Methods. The study design was a 12-week, double-blind, placebo-controlled clinical trial. Patients with CVD (n = 45) were randomized to 1) placebo control; 2) 400 IU of vitamin E, 500 mg of vitamin C, 12 mg of beta-carotene (mid-dose); or 3) 800 IU of vitamin E, 1,000 mg of vitamin C, 24 mg of beta-carotene (high dose) daily. Reduced susceptibility of LDL to oxidation was estimated by an increase in lag phase (minutes). Baseline and 6- and 12-week measurements of lipoproteins and lag phase were obtained. Plasma levels of antioxidants were measured at baseline and 12 weeks.
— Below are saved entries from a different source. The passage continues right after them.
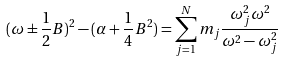<formula> <loc_0><loc_0><loc_500><loc_500>( \omega \pm \frac { 1 } { 2 } B ) ^ { 2 } - ( \alpha + \frac { 1 } { 4 } B ^ { 2 } ) = \sum _ { j = 1 } ^ { N } m _ { j } \frac { \omega _ { j } ^ { 2 } \omega ^ { 2 } } { \omega ^ { 2 } - \omega _ { j } ^ { 2 } }</formula> 
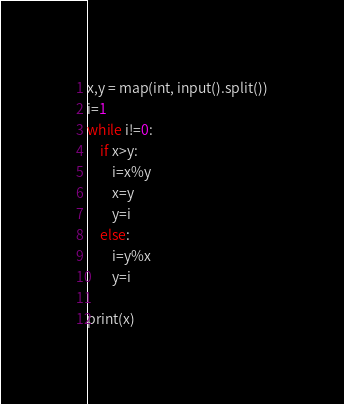<code> <loc_0><loc_0><loc_500><loc_500><_Python_>x,y = map(int, input().split())
i=1
while i!=0:
    if x>y:
        i=x%y
        x=y
        y=i
    else:
        i=y%x
        y=i

print(x)

</code> 
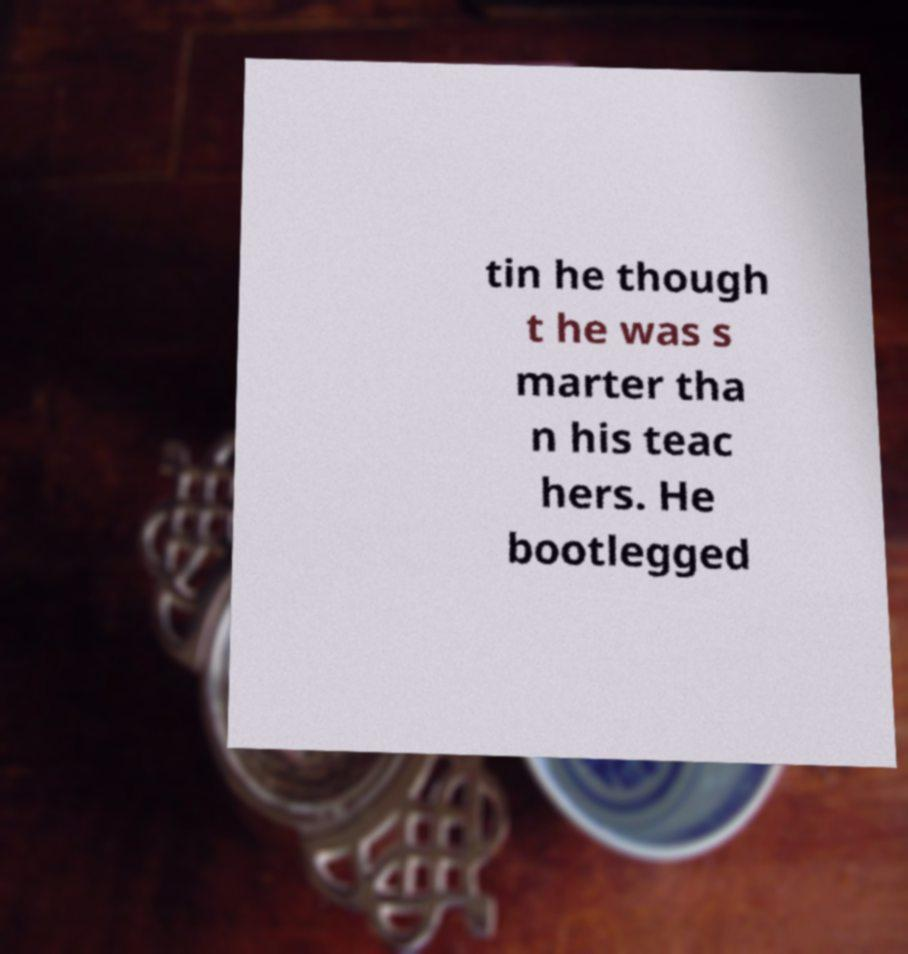Could you extract and type out the text from this image? tin he though t he was s marter tha n his teac hers. He bootlegged

Results. Concentrations of alpha-tocopherol, vitamin C and beta-carotene significantly increased in the mid- and high dose groups during the trial. Lag phase significantly increased from baseline (190.1 ± 63.8 min [mean ± SD]) to 12 weeks (391.1 ± 153.0 min) in the high dose group (p < 0.01). A nonsignificant increase in lag phase in the mid-dose group was observed during the same time interval. A dose response was found for mean percent change from baseline to 12 weeks for lag phase for the placebo, mid- and high dose groups (p = 0.004 for trend).
Conclusions. A high dose combination of antioxidant nutrients reduces the susceptibility of LDL to oxidation in patients with CVD and may be useful in secondary prevention.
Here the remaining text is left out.